TASK DESCRIPTION:
Where the string "blocks" occurs in the material below, report the whole line.

# # # # # # #

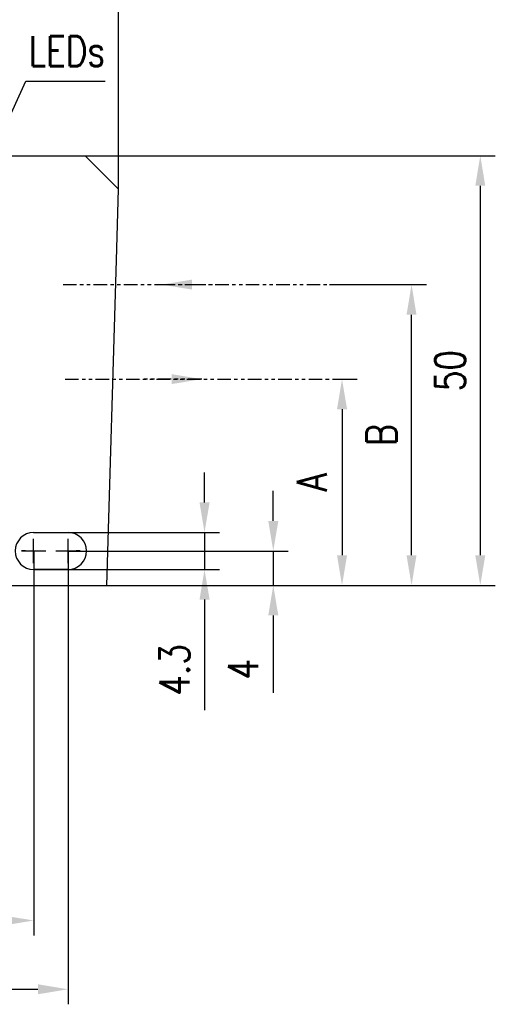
# Model space of a CAD drawing. Extents: x -575 to 291, y -144 to 153.
# Tile 8 of 10: x 105 to 160, y -25 to 90. Entities that reach past the tile are written whole.
import ezdxf

# ---------------------------------------------------------------- set-up
doc = ezdxf.new("R2010")
doc.units = 0
doc.header["$LTSCALE"] = 2
doc.linetypes.add('ACANSTGB', pattern=[0.354331, 0.15748, -0.03937, 0.03937, -0.03937, 0.03937, -0.03937])
doc.linetypes.add('DASHDOT', pattern=[1, 0.5, -0.25, 0, -0.25])
doc.layers.get('Defpoints').update_dxf_attribs({"linetype": 'CONTINUOUS'})
doc.layers.add('AM_7', color=1, linetype='DASHDOT', lineweight=25)
doc.layers.add('AM_REFDIM', color=6, linetype='CONTINUOUS')
doc.layers.add('AM_VIS', color=3, linetype='CONTINUOUS')
doc.styles.add('T1', font='ROMANS.SHX', dxfattribs={"width": 0.8})
doc.dimstyles.new('B1', dxfattribs={"dimtxt": 3.5, "dimasz": 3.5, "dimexe": 1.75, "dimexo": 0, "dimgap": 1.75, "dimtad": 1, "dimrnd": 0.01, "dimdsep": 46, "dimtxsty": 'T1', "dimcen": 0, "dimclrd": 256, "dimclre": 256, "dimclrt": 2, "dimadec": 0, "dimazin": 0, "dimtfac": 0.71, "dimtmove": 0, "dimatfit": 3, "dimfxl": 1, "dimtolj": 1, "dimarcsym": 0})

# ---------------------------------------------------------------- blocks, each defined once
blk = doc.blocks.new('*D49')
at = {"layer": 'AM_REFDIM', "lineweight": -2, "ltscale": 5}
for p, q in [((140.67, 59.21), (151.95, 59.21)), ((150.2, 27.71), (150.2, 55.71)), ((114.75, 24.21), (151.95, 24.21))]:
    blk.add_line(p, q, dxfattribs=at)
at = {"layer": 'AM_REFDIM', "ltscale": 5}
for points in [[(149.62, 55.71), (150.78, 55.71), (150.2, 59.21)], [(149.62, 27.71), (150.78, 27.71), (150.2, 24.21)]]:
    blk.add_solid(points, dxfattribs=at)
at = {"layer": 'Defpoints', "color": 0, "ltscale": 5}
for p in [(140.67, 59.21), (150.2, 59.21), (114.75, 24.21)]:
    blk.add_point(p, dxfattribs=at)
at = {"layer": 'AM_REFDIM', "color": 2, "ltscale": 5, "insert": (146.7, 41.71), "char_height": 3.5, "attachment_point": 5, "rotation": 90, "style": 'T1'}
blk.add_mtext('\\A1;B', dxfattribs=at)
blk = doc.blocks.new('*D48')
at = {"layer": 'AM_REFDIM', "lineweight": -2, "ltscale": 5}
for p, q in [((66.23, 74.21), (66.23, 101.96)), ((116.11, 70.33), (116.11, 101.96)), ((69.73, 100.21), (112.61, 100.21))]:
    blk.add_line(p, q, dxfattribs=at)
at = {"layer": 'AM_REFDIM', "ltscale": 5}
for points in [[(69.73, 100.79), (69.73, 99.63), (66.23, 100.21)], [(112.61, 100.79), (112.61, 99.63), (116.11, 100.21)]]:
    blk.add_solid(points, dxfattribs=at)
at = {"layer": 'Defpoints', "color": 0, "ltscale": 5}
for p in [(116.11, 100.21), (66.23, 74.21), (116.11, 70.33)]:
    blk.add_point(p, dxfattribs=at)
at = {"layer": 'AM_REFDIM', "color": 2, "ltscale": 5, "insert": (91.17, 103.71), "char_height": 3.5, "attachment_point": 5, "style": 'T1'}
blk.add_mtext('\\A1;50', dxfattribs=at)
blk = doc.blocks.new('*D47')
at = {"layer": 'AM_REFDIM', "lineweight": -2, "ltscale": 5}
for p, q in [((141.33, 48.21), (143.86, 48.21)), ((142.11, 44.71), (142.11, 27.71)), ((114.75, 24.21), (143.86, 24.21))]:
    blk.add_line(p, q, dxfattribs=at)
at = {"layer": 'AM_REFDIM', "ltscale": 5}
for points in [[(141.53, 44.71), (142.7, 44.71), (142.11, 48.21)], [(141.53, 27.71), (142.7, 27.71), (142.11, 24.21)]]:
    blk.add_solid(points, dxfattribs=at)
at = {"layer": 'Defpoints', "color": 0, "ltscale": 5}
for p in [(141.33, 48.21), (114.75, 24.21), (142.11, 24.21)]:
    blk.add_point(p, dxfattribs=at)
at = {"layer": 'AM_REFDIM', "color": 2, "ltscale": 5, "insert": (138.61, 36.21), "char_height": 3.5, "attachment_point": 5, "rotation": 90, "style": 'T1'}
blk.add_mtext('\\A1;A', dxfattribs=at)
blk = doc.blocks.new('*D46')
at = {"layer": 'AM_REFDIM', "lineweight": -2, "ltscale": 5}
for p, q in [((112.23, 74.21), (159.95, 74.21)), ((158.2, 70.71), (158.2, 27.71)), ((114.75, 24.21), (159.95, 24.21))]:
    blk.add_line(p, q, dxfattribs=at)
at = {"layer": 'AM_REFDIM', "ltscale": 5}
for points in [[(157.62, 70.71), (158.78, 70.71), (158.2, 74.21)], [(157.62, 27.71), (158.78, 27.71), (158.2, 24.21)]]:
    blk.add_solid(points, dxfattribs=at)
at = {"layer": 'Defpoints', "color": 0, "ltscale": 5}
for p in [(112.23, 74.21), (114.75, 24.21), (158.2, 24.21)]:
    blk.add_point(p, dxfattribs=at)
at = {"layer": 'AM_REFDIM', "color": 2, "ltscale": 5, "insert": (154.7, 49.21), "char_height": 3.5, "attachment_point": 5, "rotation": 90, "style": 'T1'}
blk.add_mtext('\\A1;50', dxfattribs=at)
blk = doc.blocks.new('*D38')
at = {"layer": 'AM_REFDIM', "lineweight": -2, "ltscale": 5}
for p, q in [((134.11, 31.71), (134.11, 35.21)), ((110.23, 28.21), (135.86, 28.21)), ((134.11, 28.21), (134.11, 24.21)), ((114.75, 24.21), (135.86, 24.21)), ((134.11, 20.71), (134.11, 11.71))]:
    blk.add_line(p, q, dxfattribs=at)
at = {"layer": 'AM_REFDIM', "ltscale": 5}
for points in [[(133.53, 31.71), (134.7, 31.71), (134.11, 28.21)], [(133.53, 20.71), (134.7, 20.71), (134.11, 24.21)]]:
    blk.add_solid(points, dxfattribs=at)
at = {"layer": 'Defpoints', "color": 0, "ltscale": 5}
for p in [(110.23, 28.21), (114.75, 24.21), (134.11, 24.21)]:
    blk.add_point(p, dxfattribs=at)
at = {"layer": 'AM_REFDIM', "color": 2, "ltscale": 5, "insert": (130.61, 14.46), "char_height": 3.5, "attachment_point": 5, "rotation": 90, "style": 'T1'}
blk.add_mtext('\\A1;4', dxfattribs=at)
blk = doc.blocks.new('*D37')
at = {"layer": 'AM_REFDIM', "lineweight": -2, "ltscale": 5}
for p, q in [((126.11, 33.86), (126.11, 37.36)), ((106.23, 30.36), (127.86, 30.36)), ((126.11, 30.36), (126.11, 26.06)), ((106.23, 26.06), (127.86, 26.06)), ((126.11, 22.56), (126.11, 9.69))]:
    blk.add_line(p, q, dxfattribs=at)
at = {"layer": 'AM_REFDIM', "ltscale": 5}
for points in [[(125.53, 33.86), (126.7, 33.86), (126.11, 30.36)], [(125.53, 22.56), (126.7, 22.56), (126.11, 26.06)]]:
    blk.add_solid(points, dxfattribs=at)
at = {"layer": 'Defpoints', "color": 0, "ltscale": 5}
for p in [(106.23, 30.36), (106.23, 26.06), (126.11, 26.06)]:
    blk.add_point(p, dxfattribs=at)
at = {"layer": 'AM_REFDIM', "color": 2, "ltscale": 5, "insert": (122.61, 14.38), "char_height": 3.5, "attachment_point": 5, "rotation": 90, "style": 'T1'}
blk.add_mtext('\\A1;4.3', dxfattribs=at)
blk = doc.blocks.new('*D36')
at = {"layer": 'AM_REFDIM', "lineweight": -2, "ltscale": 5}
for p, q in [((66.23, 39.21), (66.23, -24.54)), ((110.23, 28.21), (110.23, -24.54)), ((69.73, -22.79), (106.73, -22.79))]:
    blk.add_line(p, q, dxfattribs=at)
at = {"layer": 'AM_REFDIM', "ltscale": 5}
for points in [[(69.73, -22.21), (69.73, -23.37), (66.23, -22.79)], [(106.73, -22.21), (106.73, -23.37), (110.23, -22.79)]]:
    blk.add_solid(points, dxfattribs=at)
at = {"layer": 'Defpoints', "color": 0, "ltscale": 5}
for p in [(66.23, 39.21), (110.23, 28.21), (110.23, -22.79)]:
    blk.add_point(p, dxfattribs=at)
at = {"layer": 'AM_REFDIM', "color": 2, "ltscale": 5, "insert": (88.23, -19.29), "char_height": 3.5, "attachment_point": 5, "style": 'T1'}
blk.add_mtext('\\A1;44', dxfattribs=at)
blk = doc.blocks.new('*D35')
at = {"layer": 'AM_REFDIM', "lineweight": -2, "ltscale": 5}
for p, q in [((66.23, 39.21), (66.23, -16.54)), ((106.23, 28.21), (106.23, -16.54)), ((69.73, -14.79), (102.73, -14.79))]:
    blk.add_line(p, q, dxfattribs=at)
at = {"layer": 'AM_REFDIM', "ltscale": 5}
for points in [[(69.73, -14.21), (69.73, -15.37), (66.23, -14.79)], [(102.73, -14.21), (102.73, -15.37), (106.23, -14.79)]]:
    blk.add_solid(points, dxfattribs=at)
at = {"layer": 'Defpoints', "color": 0, "ltscale": 5}
for p in [(66.23, 39.21), (106.23, 28.21), (106.23, -14.79)]:
    blk.add_point(p, dxfattribs=at)
at = {"layer": 'AM_REFDIM', "color": 2, "ltscale": 5, "insert": (86.23, -11.29), "char_height": 3.5, "attachment_point": 5, "style": 'T1'}
blk.add_mtext('\\A1;40', dxfattribs=at)

msp = doc.modelspace()

# ---------------------------------------------------------------- linework, layer by layer
at = {"layer": 'AM_7', "color": 4, "linetype": 'ACANSTGB', "ltscale": 5}
for p, q in [((109.651, 59.211), (140.669, 59.211)), ((109.888, 48.211), (141.329, 48.211))]:
    msp.add_line(p, q, dxfattribs=at)
at = {"layer": 'AM_7', "ltscale": 5}
for p, q in [((106.227, 26.811), (106.227, 29.611)), ((110.227, 26.811), (110.227, 29.611)), ((105.277, 28.211), (104.827, 28.211)), ((104.827, 28.211), (107.627, 28.211)), ((108.827, 28.211), (111.627, 28.211)), ((111.627, 28.211), (111.177, 28.211))]:
    msp.add_line(p, q, dxfattribs=at)
at = {"layer": 'AM_REFDIM', "ltscale": 5}
msp.add_lwpolyline([(102.83, 77.399), (105.312, 82.876), (114.564, 82.876)], dxfattribs=at)
at = {"layer": 'AM_VIS'}
for p, q in [((103.727, 74.211), (112.227, 74.211)), ((116.112, 70.326), (112.227, 74.211)), ((115.868, 62.07), (116.112, 70.326)), ((114.747, 24.211), (115.868, 62.07)), ((106.227, 30.361), (110.227, 30.361)), ((110.227, 26.061), (106.227, 26.061)), ((81.227, 24.211), (114.747, 24.211))]:
    msp.add_line(p, q, dxfattribs=at)
for centre, start, end in [((106.227, 28.211), 90, 270), ((110.227, 28.211), 270, 90)]:
    msp.add_arc(centre, 2.15, start, end, dxfattribs=at)

# ---------------------------------------------------------------- texts
at = {"layer": 'AM_REFDIM', "color": 2, "ltscale": 5, "insert": (105.645, 84.626), "char_height": 3.5, "attachment_point": 7, "style": 'T1'}
msp.add_mtext('LEDs', dxfattribs=at)

# ---------------------------------------------------------------- dimensions: what is measured, and where the dimension line sits
at = {"layer": 'AM_REFDIM', "ltscale": 5}
dim = msp.add_linear_dim(base=(116.112, 100.211), p1=(66.227, 74.211), p2=(116.112, 70.326), text='50', dimstyle='B1', dxfattribs=at)
dim.commit()
dim.dimension.update_dxf_attribs({"geometry": '*D48', "text_midpoint": (91.169, 103.711)})
dim = msp.add_linear_dim(base=(158.199, 24.211), p1=(112.227, 74.211), p2=(114.747, 24.211), angle=90, dimstyle='B1', dxfattribs=at)
dim.commit()
dim.dimension.update_dxf_attribs({"geometry": '*D46', "text_midpoint": (154.699, 49.211)})
dim = msp.add_linear_dim(base=(150.199, 59.211), p1=(114.747, 24.211), p2=(140.669, 59.211), angle=90, text='B', dimstyle='B1', dxfattribs=at)
dim.commit()
dim.dimension.update_dxf_attribs({"geometry": '*D49', "text_midpoint": (146.699, 41.711)})
at = {"layer": 'AM_REFDIM'}
dim = msp.add_linear_dim(base=(142.112, 24.211), p1=(141.329, 48.211), p2=(114.747, 24.211), angle=90, text='A', dimstyle='B1', dxfattribs=at)
dim.commit()
dim.dimension.update_dxf_attribs({"geometry": '*D47', "text_midpoint": (138.612, 36.211)})
for base, p2, picture, middle in [((110.227, -22.79), (110.227, 28.211), '*D36', (88.227, -19.29)), ((106.227, -14.79), (106.227, 28.211), '*D35', (86.227, -11.29))]:
    dim = msp.add_linear_dim(base=base, p1=(66.227, 39.211), p2=p2, dimstyle='B1', dxfattribs=at)
    dim.commit()
    dim.dimension.update_dxf_attribs({"geometry": picture, "text_midpoint": middle})
for base, p1, p2, picture, middle in [((126.112, 26.061), (106.227, 30.361), (106.227, 26.061), '*D37', (122.612, 14.378)), ((134.112, 24.211), (110.227, 28.211), (114.747, 24.211), '*D38', (130.612, 14.461))]:
    dim = msp.add_linear_dim(base=base, p1=p1, p2=p2, angle=90, dimstyle='B1', dxfattribs=at)
    dim.commit()
    dim.dimension.update_dxf_attribs({"geometry": picture, "text_midpoint": middle})

# ---------------------------------------------------------------- leaders
at = {"layer": 'AM_REFDIM', "color": 4, "linetype": 'ACANSTGB', "ltscale": 5}
for points in [[(121.136, 59.211), (128.214, 59.211)], [(125.783, 48.211), (118.682, 48.211)]]:
    msp.add_leader(points, dimstyle='B1', override={"dimgap": 1.75, "dimtad": 0, "dimclrd": 4}, dxfattribs=at)

doc.saveas('drawing.dxf')

# # # # # # #

EXERCISE OUTPUT:
# ---------------------------------------------------------------- blocks, each defined once
blk = doc.blocks.new('*D49')
blk = doc.blocks.new('*D48')
blk = doc.blocks.new('*D47')
blk = doc.blocks.new('*D46')
blk = doc.blocks.new('*D38')
blk = doc.blocks.new('*D37')
blk = doc.blocks.new('*D36')
blk = doc.blocks.new('*D35')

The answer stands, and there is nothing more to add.